Let’s Try another dataset.
import tensorflow as tf
from tensorflow import keras
import matplotlib.pyplot as plt
import numpy as np
def CrossEntropy(y_hat, y):
return (-y * np.log(y_hat) - (1 - y) * np.log(1 - y_hat)).mean()
from sklearn.datasets import make_blobs
X, y = make_blobs(n_samples=10000, n_features=2, centers=2, random_state=27)
class_0 = np.where(y == 0)
class_1 = np.where(y == 1)
X_0 = X[class_0]
X_1 = X[class_1]
plt.figure(figsize=(12,9))
plt.scatter(X_0[:, 0], X_0[:, 1], marker='o', s=150, color='blue', label='1')
plt.scatter(X_1[:, 0], X_1[:, 1], marker='x', s=150, color='red', label='0')
plt.xlabel('$x1$', fontsize=20)
plt.ylabel('$x2$', fontsize=20)
plt.grid(True)
plt.legend(fontsize=20)
plt.show()
model = tf.keras.Sequential([keras.layers.Dense(units=1, input_shape=[2]), keras.layers.Activation('sigmoid')])
model.compile(optimizer='adam', loss='binary_crossentropy', metrics=['accuracy'])
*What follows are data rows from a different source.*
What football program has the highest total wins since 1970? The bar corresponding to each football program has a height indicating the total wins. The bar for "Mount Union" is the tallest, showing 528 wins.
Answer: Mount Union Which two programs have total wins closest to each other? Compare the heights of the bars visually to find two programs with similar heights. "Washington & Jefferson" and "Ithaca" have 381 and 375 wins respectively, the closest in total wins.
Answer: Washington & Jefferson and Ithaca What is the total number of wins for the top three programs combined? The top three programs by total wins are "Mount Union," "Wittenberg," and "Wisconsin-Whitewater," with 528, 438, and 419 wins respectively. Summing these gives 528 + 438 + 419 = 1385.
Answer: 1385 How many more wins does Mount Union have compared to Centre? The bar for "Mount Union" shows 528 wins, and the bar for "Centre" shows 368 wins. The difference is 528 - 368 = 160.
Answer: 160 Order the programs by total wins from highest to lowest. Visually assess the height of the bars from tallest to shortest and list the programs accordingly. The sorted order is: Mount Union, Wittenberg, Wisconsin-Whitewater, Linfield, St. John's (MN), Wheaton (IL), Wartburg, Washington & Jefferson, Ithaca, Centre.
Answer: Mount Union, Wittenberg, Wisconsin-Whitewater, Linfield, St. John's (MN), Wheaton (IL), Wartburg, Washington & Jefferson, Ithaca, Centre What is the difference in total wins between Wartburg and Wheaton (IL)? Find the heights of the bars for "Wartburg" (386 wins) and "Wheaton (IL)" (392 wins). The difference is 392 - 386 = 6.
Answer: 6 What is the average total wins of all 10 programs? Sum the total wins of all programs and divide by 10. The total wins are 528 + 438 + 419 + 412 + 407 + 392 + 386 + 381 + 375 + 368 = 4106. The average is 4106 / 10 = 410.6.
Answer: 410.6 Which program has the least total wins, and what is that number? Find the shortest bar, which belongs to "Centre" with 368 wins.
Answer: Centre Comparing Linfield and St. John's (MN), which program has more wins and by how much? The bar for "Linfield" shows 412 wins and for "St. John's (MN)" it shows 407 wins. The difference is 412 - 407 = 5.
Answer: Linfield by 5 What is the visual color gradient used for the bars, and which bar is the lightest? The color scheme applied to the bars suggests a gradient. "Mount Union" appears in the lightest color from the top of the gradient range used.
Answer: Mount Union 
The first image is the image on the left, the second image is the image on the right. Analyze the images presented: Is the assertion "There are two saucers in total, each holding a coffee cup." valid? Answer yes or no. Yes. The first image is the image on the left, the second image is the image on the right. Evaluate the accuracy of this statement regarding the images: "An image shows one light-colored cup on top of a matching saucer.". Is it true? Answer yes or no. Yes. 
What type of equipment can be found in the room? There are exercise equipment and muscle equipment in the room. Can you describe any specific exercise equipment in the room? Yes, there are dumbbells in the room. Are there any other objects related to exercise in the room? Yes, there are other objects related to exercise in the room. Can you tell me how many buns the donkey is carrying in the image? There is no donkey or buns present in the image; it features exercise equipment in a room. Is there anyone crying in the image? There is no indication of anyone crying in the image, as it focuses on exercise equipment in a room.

tf_history = model.fit(X, y, epochs=50, verbose=True)
Epoch 1/50
10000/10000 [==============================] - 0s 44us/sample - loss: 5.3699 - acc: 0.5000
Epoch 2/50
10000/10000 [==============================] - 0s 37us/sample - loss: 3.3782 - acc: 0.5000
.
.
Epoch 49/50
10000/10000 [==============================] - 0s 38us/sample - loss: 0.0044 - acc: 0.9992
Epoch 50/50
10000/10000 [==============================] - 0s 37us/sample - loss: 0.0043 - acc: 0.9993
You can see from the plot, that is not possible to get an accuracy of 1.0 with a linear classifier like Logistic Regression for this dataset as few of the class points are overlapping. But it still gives a very good result with just a few lines of code.